Nicki - O dia de Cão

Mal estar consigo mesmos
Sem saber o por que
È se encontrar ao alto
De uma montanha
E lá em cima
Querer entender.
Olhares fixados
Somente em uma
Direção, deixando
As pálpebras cheias
Carregadas de ilusão
O corpo que mais parece
Com uma jaca, tenta
Se decompor, mas o que
Sente é mais forte,
Fortíssimo.
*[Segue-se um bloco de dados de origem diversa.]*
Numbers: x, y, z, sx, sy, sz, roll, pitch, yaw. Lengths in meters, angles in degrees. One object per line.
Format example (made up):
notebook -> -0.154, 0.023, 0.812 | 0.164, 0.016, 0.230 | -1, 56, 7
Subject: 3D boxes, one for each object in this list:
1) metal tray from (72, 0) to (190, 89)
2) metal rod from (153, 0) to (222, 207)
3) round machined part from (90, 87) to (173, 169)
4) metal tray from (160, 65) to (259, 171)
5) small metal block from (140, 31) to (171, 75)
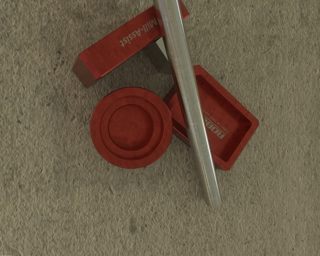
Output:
metal tray -> -0.037, -0.099, 0.362 | 0.131, 0.090, 0.030 | -39, 103, -16
metal rod -> 0.038, -0.021, 0.369 | 0.025, 0.025, 0.298 | -28, 121, -18
round machined part -> -0.037, -0.001, 0.385 | 0.099, 0.042, 0.097 | -1, 93, -14
metal tray -> 0.067, -0.013, 0.434 | 0.130, 0.030, 0.090 | 40, 77, -16
small metal block -> 0.006, -0.096, 0.395 | 0.025, 0.050, 0.050 | -44, 119, -12
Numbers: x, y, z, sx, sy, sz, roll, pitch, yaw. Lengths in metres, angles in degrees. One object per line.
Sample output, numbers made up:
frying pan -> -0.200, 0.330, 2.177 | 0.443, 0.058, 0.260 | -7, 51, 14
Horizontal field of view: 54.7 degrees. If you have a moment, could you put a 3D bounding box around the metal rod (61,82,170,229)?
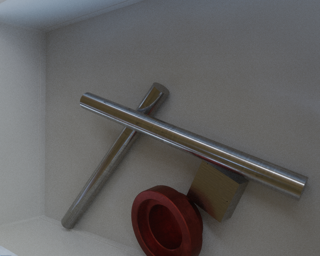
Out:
metal rod -> -0.078, 0.056, 0.468 | 0.025, 0.025, 0.298 | 51, 120, 27

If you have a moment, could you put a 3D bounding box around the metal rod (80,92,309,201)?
metal rod -> 0.016, 0.009, 0.369 | 0.300, 0.025, 0.025 | 22, 104, 30

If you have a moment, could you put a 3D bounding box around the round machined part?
round machined part -> 0.013, 0.116, 0.376 | 0.098, 0.042, 0.097 | 13, 109, 43

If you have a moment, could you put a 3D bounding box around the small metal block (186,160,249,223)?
small metal block -> 0.065, 0.069, 0.352 | 0.050, 0.025, 0.050 | 33, 110, 34

A dor...

Sentado sobre os pisos velhos e vermelhos da escada, sentido o vento impetuoso bater seu rosto, observa a contradição nos olhos de um cão.
A afobação salta em frente, um tapete verde ao redirecionar os olhos ao do cão, vemos ali grande solidão.
Pobre dele ficara o dia todo preso e insatisfeito de não poder livra-se.
Queria ao mesmo sair e vê se algum amigo o encontrava do lado de lá, às vezes ele fugia e quando voltava, há que desgraça, apanhava e se machucavam, eles não o queriam por lá.
Sentado degraus abaixo, estava ele, olhando fixamente em meus olhos, de vez em quando com a cabeça abaixada e um olhar alto, como aquele quando sente fome tentando se expressar, ei você, preciso me alimentar...
Impaciente anda de um lado ao outro procurando distração, mas não consegue esconder o que sente o coração.
A lucidez do brilho nos seus olhos é visível e também a meia gota de lagrima que fica parada e não cai no chão. Do nada se ouve seu resmungar, se distrai vendo na rua passar algumas pessoas, latidos altos, com veemência, queria desabafar, suas orelhas sobem e descem feito elevadores. Não sabe o que fazer. Tudo é assim, este fim não acaba é constante, incessante ate o outro dia começar.


O dia Seguinte...

O dia seguinte chega,
E aquela criatura
Na mesma.
Agora seus olhos
Refletiam a insônia
De uma noite
Mal dormida, olhos
Vermelhos e cansados,
Miravam-me abrindo
E fechando feito o
Portão lá no canto.
Deitado no chão
Encosta a cabeça
Nas patas, que ficam
Grudadas, imóveis
Adormece sem ligar
Para o barulho do
Seu coração.


O latido auto daquele cachorrinho querendo atenção, junto ao barulho estrondoso de um coração, vagava de lá pra cá sem ao menos uma resposta a lhe dá.
O ruído ofegante daquela pomba, sozinha, olhando em todas as direções, sente solidão sai a voar buscando um lugar para poder descansar.
Sentado no degrau de frente a escada feita de madeira velha, do lado direito, telhas, baldes e pedaços de madeira encostados na parede do vizinho.
A impaciência daquele cachorro trazia a memória seu estado naquela hora;
Andava... Andava... E não sabia onde estava.